Once upon a time, there was a little girl who believed in happily ever after. She lived in a four-thousand-square-foot castle whose shelves were filled with Disney DVDs and Hallmark movies and paperbacks whose covers were ninety percent chest. The little girl was a lover of all things beaked and feathered, her stepdaddy was a wealthy landowner, and her mother was Fabio’s primary source of income.

One day, the little girl heard a strange rumbling sound coming from outside the castle, and she was so afraid she ran down the stairs to her mother’s side.

“Mummy!” she cried as she looked out the front window. “What is that big van in the driveway? Has it come to take me away?”

“Heavens, no, my little one,” said the girl’s mother with a jolly laugh. “None shall ever take you from my loving arms. What you see before you is not a van, my sweet, but a moving truck.”

“A moving truck?” said the little girl as she gazed upon the beastly machine. “What is this ‘moving truck’ of which you speak?”

“It’s a sixteen-hundred-square-foot container that shall haul thy stepfather’s shit to a land far, far away where he can live in peace and happiness with his new whore.”

“But Mother,” protested the little girl, “if Stepdaddy is departing never to return, why did he not tell me this morning when he departed for whatever the hell it is he does all day?”

“My sweet, naïve child,” said the mother, “thy stepfather could not tell you he was leaving, for he does not yet know.”

“But won’t Stepdaddy be surprised when he returns and finds that all his worthless crap, including the ridiculous collection of antlers he didn’t even hunt himself, has been spirited away by”—the little girl squinted, straining to read the words on the side of the truck—'Hunky College Movers?’”

“That he will,” said the girl’s mother. “But it shall be a mere trifling compared to the surprise Mommy’s lawyers have in store for him.”

At that moment, there came a loud pounding on the door. The girl looked out the window and was terrified at what she saw standing on the porch.

“Mother!” she cried. “Who is that extremely well-built twenty-year-old man knocking upon our door? And why does he not wear a shirt?”

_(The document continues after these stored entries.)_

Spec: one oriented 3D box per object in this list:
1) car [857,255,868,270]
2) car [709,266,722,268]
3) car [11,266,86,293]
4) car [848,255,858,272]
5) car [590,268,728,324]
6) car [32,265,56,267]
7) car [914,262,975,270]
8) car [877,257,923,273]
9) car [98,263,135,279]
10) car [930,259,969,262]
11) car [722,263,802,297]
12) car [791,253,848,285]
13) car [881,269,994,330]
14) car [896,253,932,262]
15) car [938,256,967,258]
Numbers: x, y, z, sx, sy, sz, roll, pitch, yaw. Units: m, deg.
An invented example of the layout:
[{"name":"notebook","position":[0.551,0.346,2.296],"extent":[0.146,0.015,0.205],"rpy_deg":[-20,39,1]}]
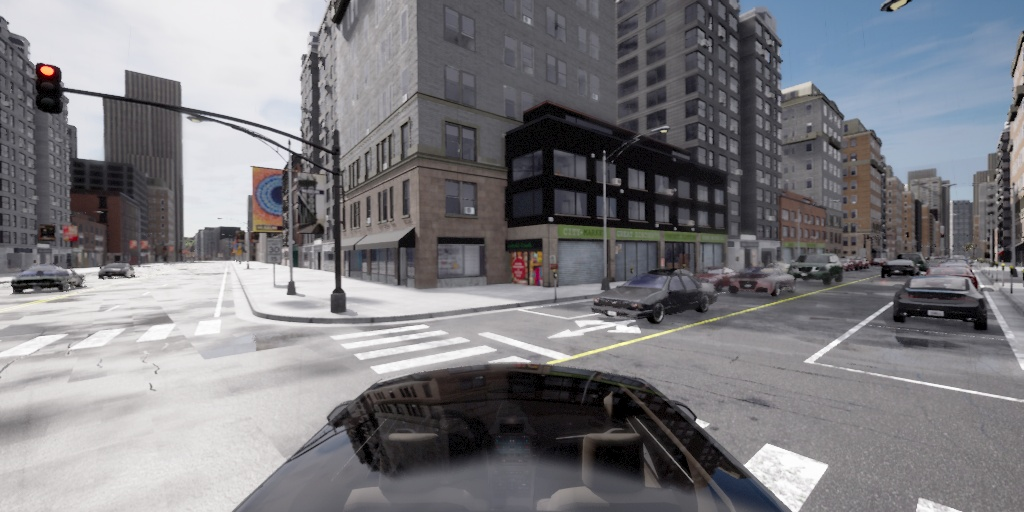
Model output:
[{"name":"car","position":[42.885,0.849,45.493],"extent":[5.009,1.841,2.192],"rpy_deg":[0,0,-38]},{"name":"car","position":[11.841,1.259,20.855],"extent":[4.207,1.307,1.802],"rpy_deg":[0,0,-38]},{"name":"car","position":[-28.257,1.487,21.986],"extent":[1.895,1.301,4.718],"rpy_deg":[-1,0,-38]},{"name":"car","position":[38.450,0.986,41.974],"extent":[4.097,1.591,1.967],"rpy_deg":[0,0,-38]},{"name":"car","position":[5.011,1.276,12.158],"extent":[5.357,1.411,2.033],"rpy_deg":[0,0,-38]},{"name":"car","position":[-38.023,1.477,29.138],"extent":[1.812,1.442,4.674],"rpy_deg":[-1,0,-38]},{"name":"car","position":[21.573,1.172,17.694],"extent":[4.507,1.381,1.888],"rpy_deg":[0,0,-38]},{"name":"car","position":[32.035,1.047,29.562],"extent":[5.008,1.535,1.882],"rpy_deg":[0,0,-38]},{"name":"car","position":[-38.388,1.436,34.893],"extent":[1.837,1.490,4.892],"rpy_deg":[-1,0,-38]},{"name":"car","position":[30.443,1.123,24.734],"extent":[4.507,1.381,1.888],"rpy_deg":[0,0,-38]},{"name":"car","position":[12.843,1.238,18.368],"extent":[4.181,1.385,1.994],"rpy_deg":[0,0,-38]},{"name":"car","position":[21.157,0.844,24.955],"extent":[5.566,2.045,2.150],"rpy_deg":[0,0,-38]},{"name":"car","position":[12.704,1.236,10.655],"extent":[4.403,1.370,2.007],"rpy_deg":[0,0,-38]},{"name":"car","position":[40.110,0.760,36.023],"extent":[5.566,2.045,2.150],"rpy_deg":[0,0,-38]},{"name":"car","position":[43.746,0.965,35.292],"extent":[4.097,1.591,1.967],"rpy_deg":[0,0,-38]}]
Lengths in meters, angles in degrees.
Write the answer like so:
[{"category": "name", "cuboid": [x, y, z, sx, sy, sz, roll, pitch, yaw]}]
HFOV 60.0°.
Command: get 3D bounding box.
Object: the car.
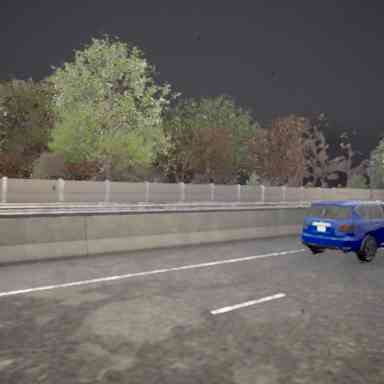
[{"category": "car", "cuboid": [6.589, 1.362, 12.869, 5.566, 2.045, 2.150, 0, 0, -35]}]
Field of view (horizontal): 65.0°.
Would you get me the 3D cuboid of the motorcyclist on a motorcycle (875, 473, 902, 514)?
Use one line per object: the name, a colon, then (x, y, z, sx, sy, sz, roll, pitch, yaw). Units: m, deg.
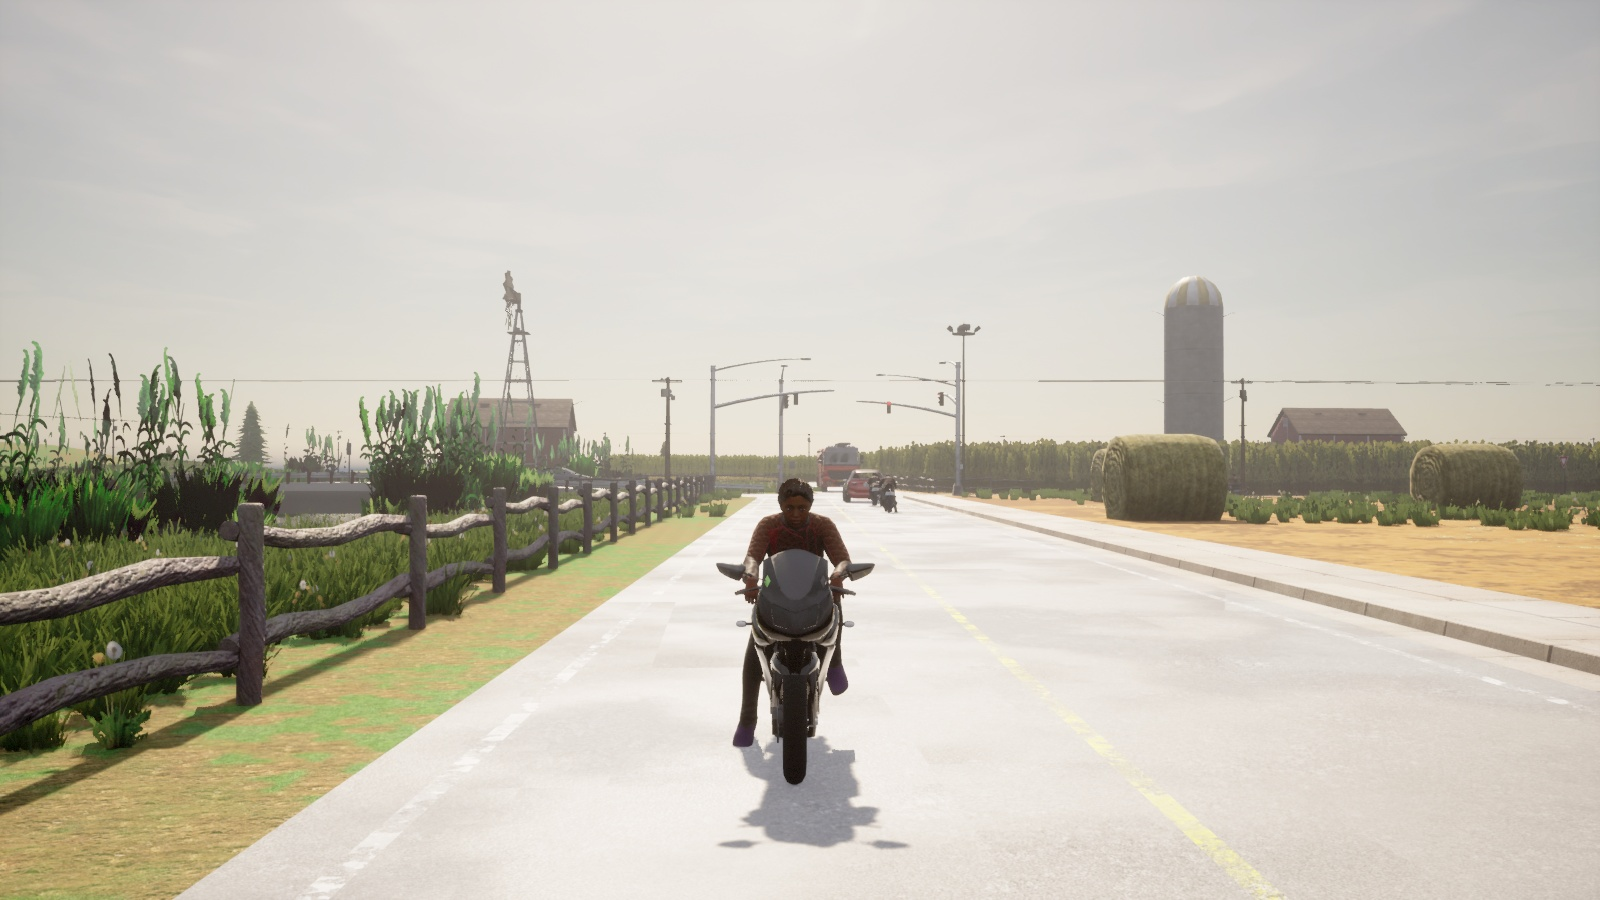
motorcyclist on a motorcycle: (3.378, 1.640, 47.979, 0.866, 1.530, 2.191, 0, -1, 0)

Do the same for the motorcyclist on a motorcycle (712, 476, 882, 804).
motorcyclist on a motorcycle: (-0.018, 0.913, 6.928, 0.797, 1.523, 2.044, 0, -1, 0)

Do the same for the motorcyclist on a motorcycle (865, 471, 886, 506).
motorcyclist on a motorcycle: (3.357, 1.726, 56.252, 0.797, 1.523, 2.044, 0, -1, 0)

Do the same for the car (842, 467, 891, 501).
car: (3.340, 1.719, 64.063, 2.242, 1.667, 4.611, 0, -1, 0)

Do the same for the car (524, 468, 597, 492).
car: (-15.365, 1.918, 80.726, 4.181, 1.385, 1.994, 2, -1, 3)
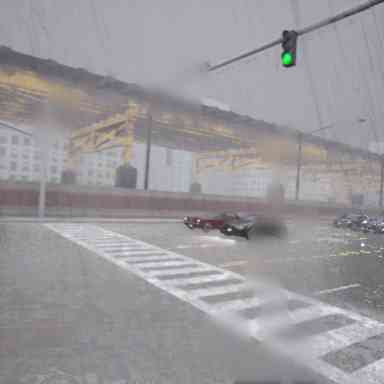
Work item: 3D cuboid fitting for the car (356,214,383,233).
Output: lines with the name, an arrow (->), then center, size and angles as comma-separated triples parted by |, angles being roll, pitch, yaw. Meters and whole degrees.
car -> 16.673, 2.719, 28.750 | 4.553, 1.767, 2.097 | 4, -1, -35

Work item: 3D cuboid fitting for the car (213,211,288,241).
car -> 3.701, 2.015, 19.565 | 4.181, 1.385, 1.994 | 4, -1, -35

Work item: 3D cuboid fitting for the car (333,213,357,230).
car -> 15.706, 2.851, 32.357 | 4.892, 1.490, 1.837 | 4, -1, -35

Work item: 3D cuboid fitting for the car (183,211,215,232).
car -> 1.740, 1.962, 22.463 | 4.718, 1.301, 1.895 | 4, -1, -35

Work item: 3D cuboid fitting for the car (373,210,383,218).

“Do not fear, my darling,” said the mother. “It is only Mover Evan, come to help Mommy with something in the bedroom. Wait here and play with your pretty toys, and Mommy shall return in forty minutes to an hour.”

The mother unbuttoned the top button of her blouse and walked across the room to the front door.

“Mummy?” the girl said just as her mother grabbed the doorknob.

“Yes, my darling?”

“Will Mover Evan be my new stepdaddy?”

The mother laughed her jolly laugh. “Only if he owns the company, my dear.”

My mom did a lot of things right, but she wasn’t the world’s greatest role model when it came to men. I couldn’t say how many men had passed through her transom over the years (a transom is a window above a doorway, not a vagina, by the way), but Mom had given up on marriage—both real and trophy—by the time I was eleven.